Print version ISSN 1413-8670

Braz J Infect Dis vol.17 no.5 Salvador Sept./Oct. 2013

https://doi.org/10.1016/j.bjid.2012.11.013 

ORIGINAL ARTICLE

 

Community-acquired pneumonia at the Hospital de Clínicas de Porto Alegre: evaluation of a care protocol

 

 

Clei Angelo MocelinI,*; Rodrigo Pires dos SantosII

IHospital das Clínicas de Porto Alegre, Porto Alegre, RS, Brazil
IIInfection Control Committee, Hospital das Clínicas de Porto Alegre, Porto Alegre, RS, Brazil

 

 


ABSTRACT

To assess the adequacy of medical prescriptions for community-acquired pneumonia at the emergency department of the Hospital de Clínicas de Porto Alegre, we conducted a prospective cohort study, from January through April 2011. All patients with suspected pneumonia were selected from the first prescription of antimicrobials held in the emergency room. Patients with a description of pneumonia, community-acquired pneumonia, respiratory infection, or other issues related to community-acquired pneumonia were selected for review. Two-hundred and fifteen patients were studied. Adherence to the hospital care protocol was: 11.2% for the initial recommended tests (chest X-ray and collection of sputum sample), 34.4% for blood cultures, and 92.1% for the antimicrobial choice. Sixty percent of the prescriptions consisted of a combination of drugs, and the association of beta-lactam and macrolide was the most common. The Hospital Infection Control Committee evaluated patients' prescriptions within a median time of 23.5h (IQR 25-75%, 8-24). Negative evaluations accounted for 10% of prescriptions (n = 59). Fourteen percent of the patients died during hospitalization. In the multivariate analysis, Pneumonia Severity Index Score and use of ampicillin + sulbactam alone were independently related to in-hospital mortality. There was a high adherence to the hospital's CAP protocol, in relation to antimicrobial choice. Severity score and use of ampicillin + sulbactam alone were independently associated to in-hospital death.

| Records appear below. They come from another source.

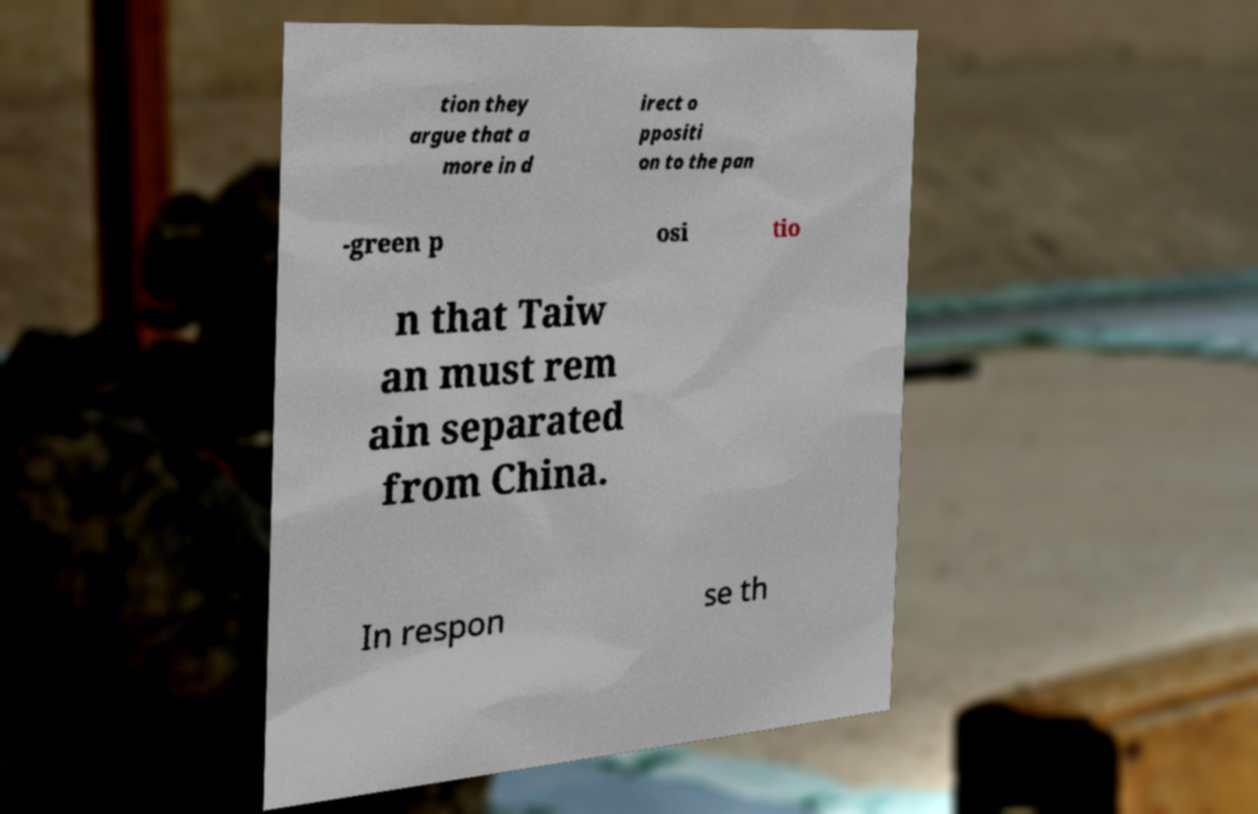Can you read and provide the text displayed in the image?This photo seems to have some interesting text. Can you extract and type it out for me? tion they argue that a more in d irect o ppositi on to the pan -green p osi tio n that Taiw an must rem ain separated from China. In respon se th 
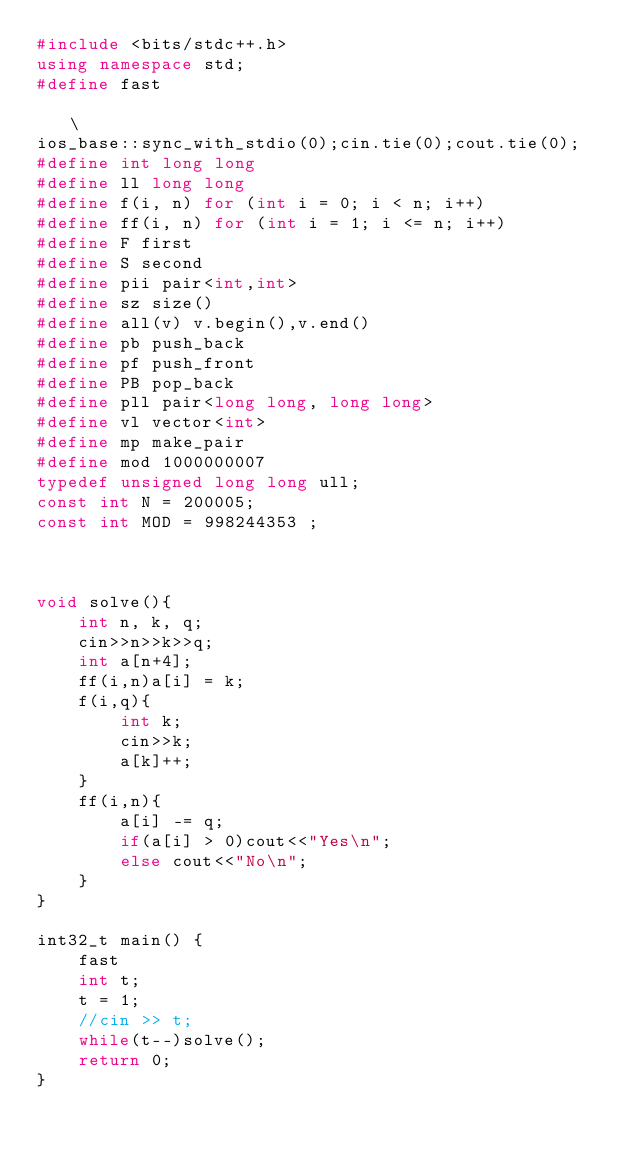<code> <loc_0><loc_0><loc_500><loc_500><_C++_>#include <bits/stdc++.h>
using namespace std;
#define fast                                                                   \
ios_base::sync_with_stdio(0);cin.tie(0);cout.tie(0);
#define int long long
#define ll long long
#define f(i, n) for (int i = 0; i < n; i++)
#define ff(i, n) for (int i = 1; i <= n; i++)
#define F first
#define S second
#define pii pair<int,int>
#define sz size()
#define all(v) v.begin(),v.end()
#define pb push_back
#define pf push_front    
#define PB pop_back
#define pll pair<long long, long long>
#define vl vector<int>
#define mp make_pair
#define mod 1000000007
typedef unsigned long long ull;
const int N = 200005;
const int MOD = 998244353 ;



void solve(){
    int n, k, q;
    cin>>n>>k>>q;
    int a[n+4];
    ff(i,n)a[i] = k;
    f(i,q){
        int k;
        cin>>k;
        a[k]++;
    }
    ff(i,n){
        a[i] -= q;
        if(a[i] > 0)cout<<"Yes\n";
        else cout<<"No\n";
    }
}

int32_t main() {
    fast
    int t;
    t = 1;
    //cin >> t;
    while(t--)solve();
    return 0;
}</code>

Keywords: Pneumonia, Community, Treatment.


 

 

Introduction

Community-acquired pneumonia (CAP) is an acute infection that affects the lower respiratory tract, which occurs in patients outside the hospital or develops within the first 48 h after hospital admission.1 Often this diagnosis is made-up by a combination of clinical symptoms of acute respiratory disease, laboratory tests, microbiological findings, response to antimicrobial therapy and especially, by chest X-ray alone, despite the low sensitivity and specificity of this test for pneumonia diagnosis.2

Worldwide incidence of pneumonia is 12 cases/1000 inhabitants per year. Pneumonia represents the leading cause of death from infectious disease, despite all the advances in medicine over the years, such as, the availability of new antibiotics and effective vaccines.3 In Brazil, in 2009, of the total admissions for respiratory diseases, 52.0% were for pneumonia, representing 7.3% of total admissions in the country4.

There are several clinical scores designed to stratify patients, regarding severity and mortality due to CAP, including the Pneumonia Score Index (PSI). The PSI assigns points based on age, comorbidities and abnormalities in the physical examination. This score classifies pneumonia patients into five groups, in increasing order of severity and death risk over the next 30 days.1,5 In the Hospital de Clínicas de Porto Alegre (HCPA) there is a clinical care guideline for patients with CAP, based on the PSI, which serves as a decision making tool for processing whether individuals can be managed on an outpatient basis or require hospitalization.6 Besides, an infection control committee evaluates antibiotic prescriptions and is available seven-days a week for antimicrobial consultation.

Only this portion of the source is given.